EXERCISE BRIEF: The answer must consist only of the lines from the line with "Numbers: x, y, z, sx, sy, sz, roll, pitch, yaw." to the line with "Input object for", both included, exactly as they stand below.

DATA FOR ANALYSIS:
%%
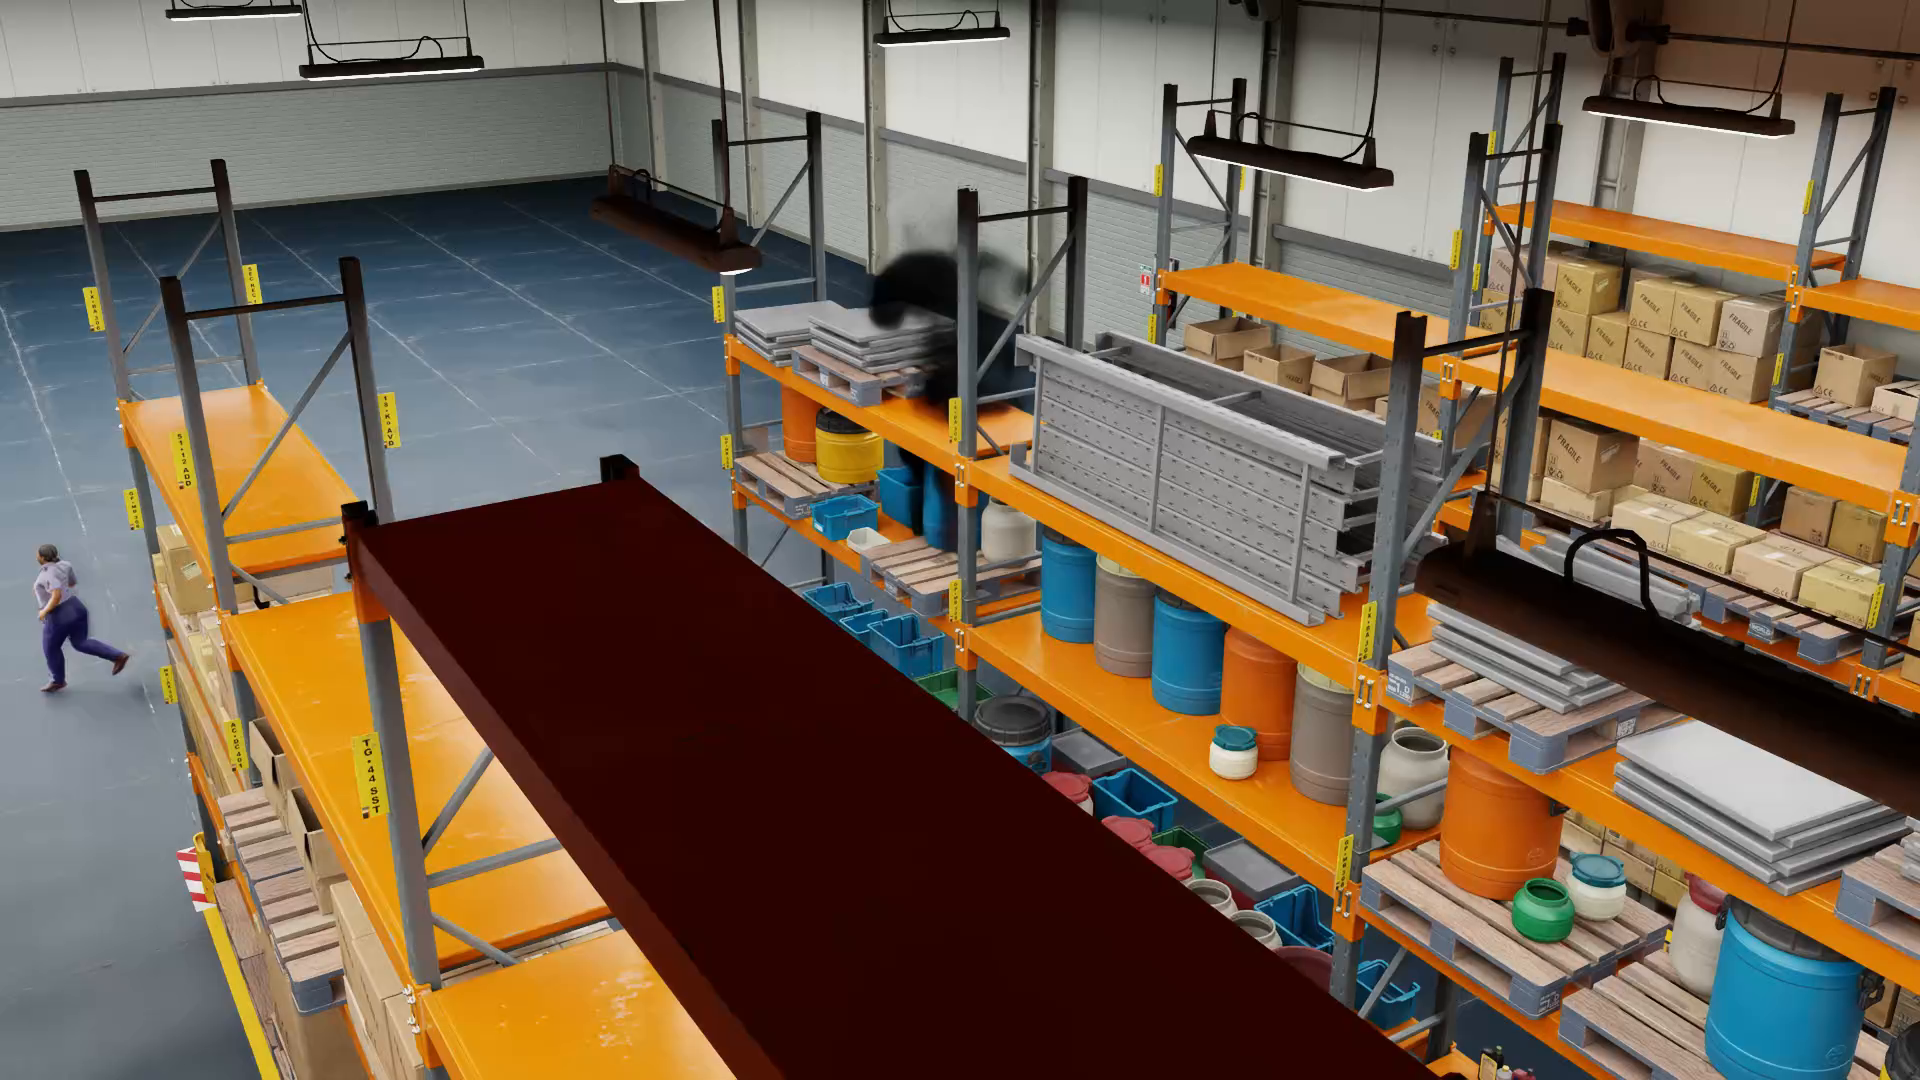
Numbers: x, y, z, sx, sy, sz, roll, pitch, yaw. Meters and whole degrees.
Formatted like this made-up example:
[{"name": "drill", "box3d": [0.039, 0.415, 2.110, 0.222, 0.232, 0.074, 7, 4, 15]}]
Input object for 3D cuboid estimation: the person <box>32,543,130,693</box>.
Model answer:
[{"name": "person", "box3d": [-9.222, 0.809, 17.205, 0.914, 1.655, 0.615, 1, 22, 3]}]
%%
%%
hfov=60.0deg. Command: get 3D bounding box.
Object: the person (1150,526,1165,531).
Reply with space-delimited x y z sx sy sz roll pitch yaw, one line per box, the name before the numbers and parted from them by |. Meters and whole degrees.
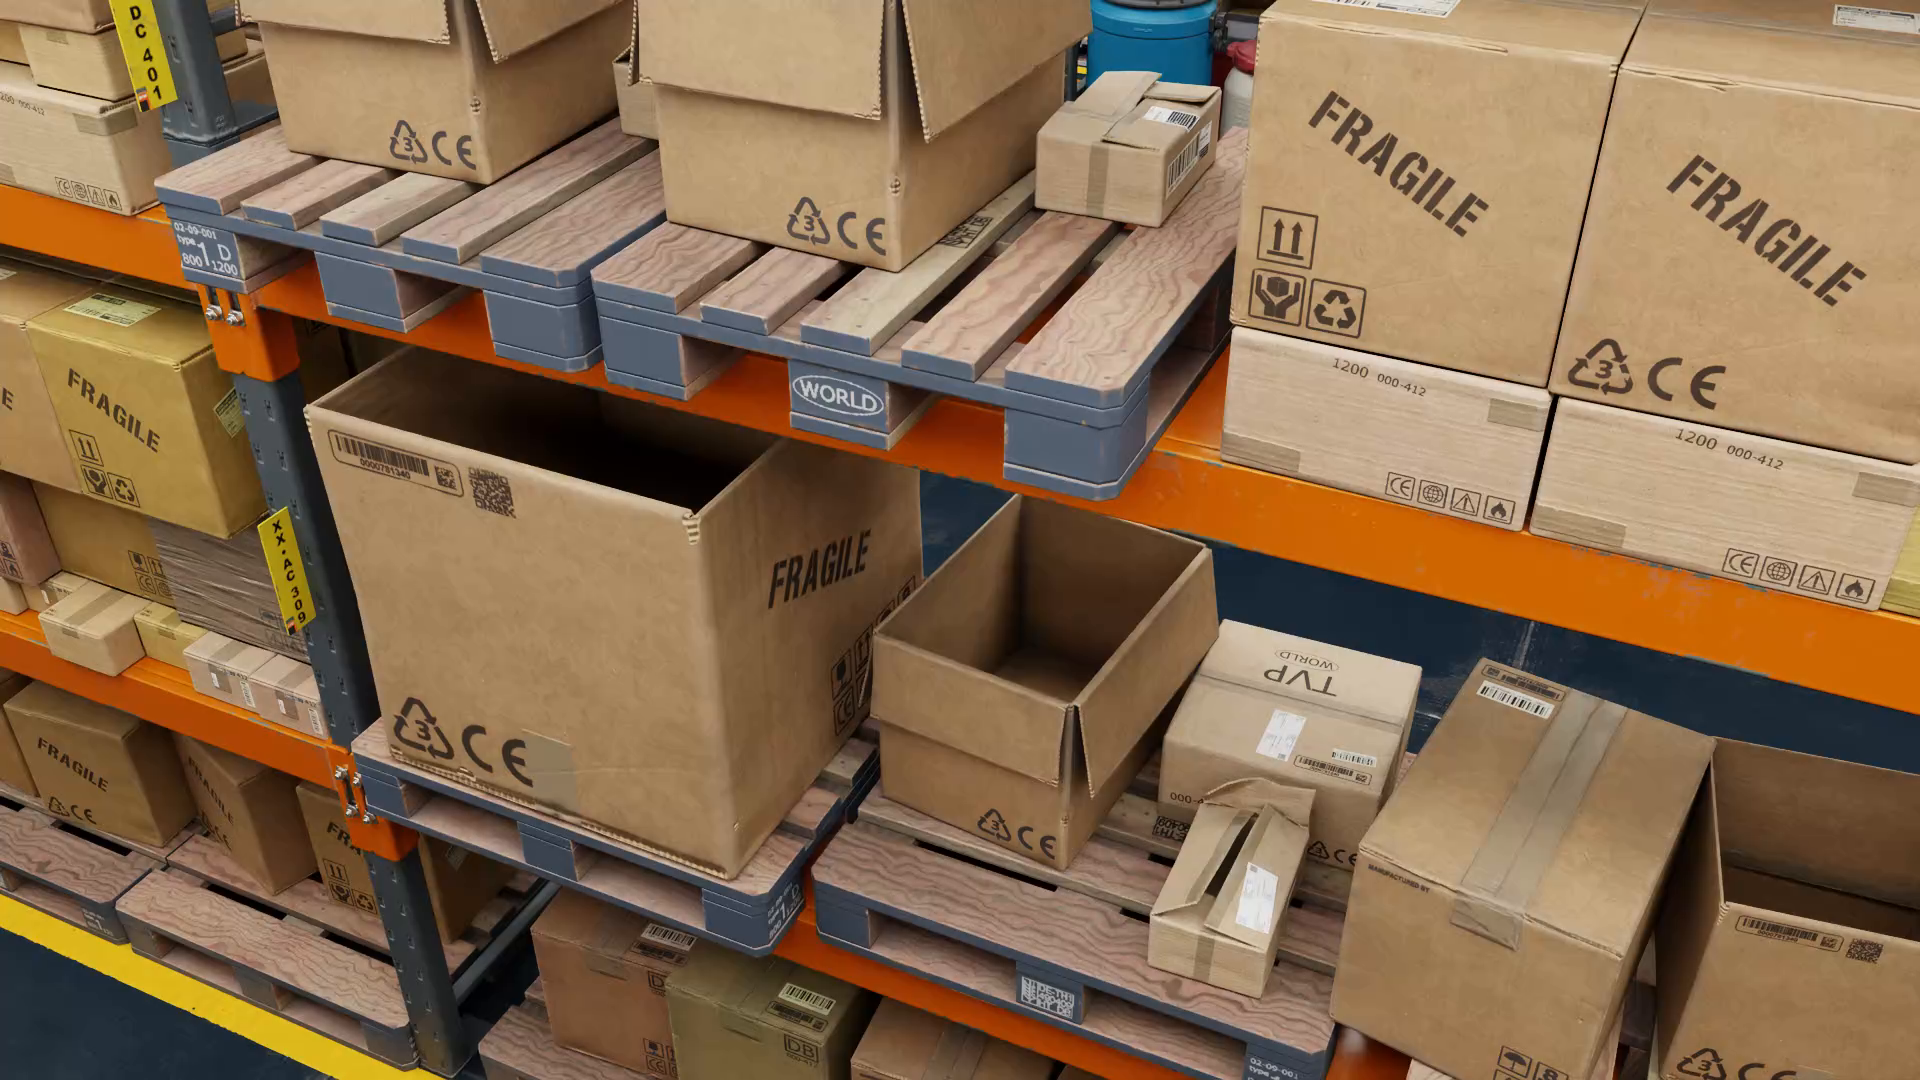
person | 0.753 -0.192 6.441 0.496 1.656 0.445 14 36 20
%%
TASK RESULT:
Numbers: x, y, z, sx, sy, sz, roll, pitch, yaw. Meters and whole degrees.
Formatted like this made-up example:
[{"name": "drill", "box3d": [0.039, 0.415, 2.110, 0.222, 0.232, 0.074, 7, 4, 15]}]
Input object for 3D cuboid estimation: the person <box>32,543,130,693</box>.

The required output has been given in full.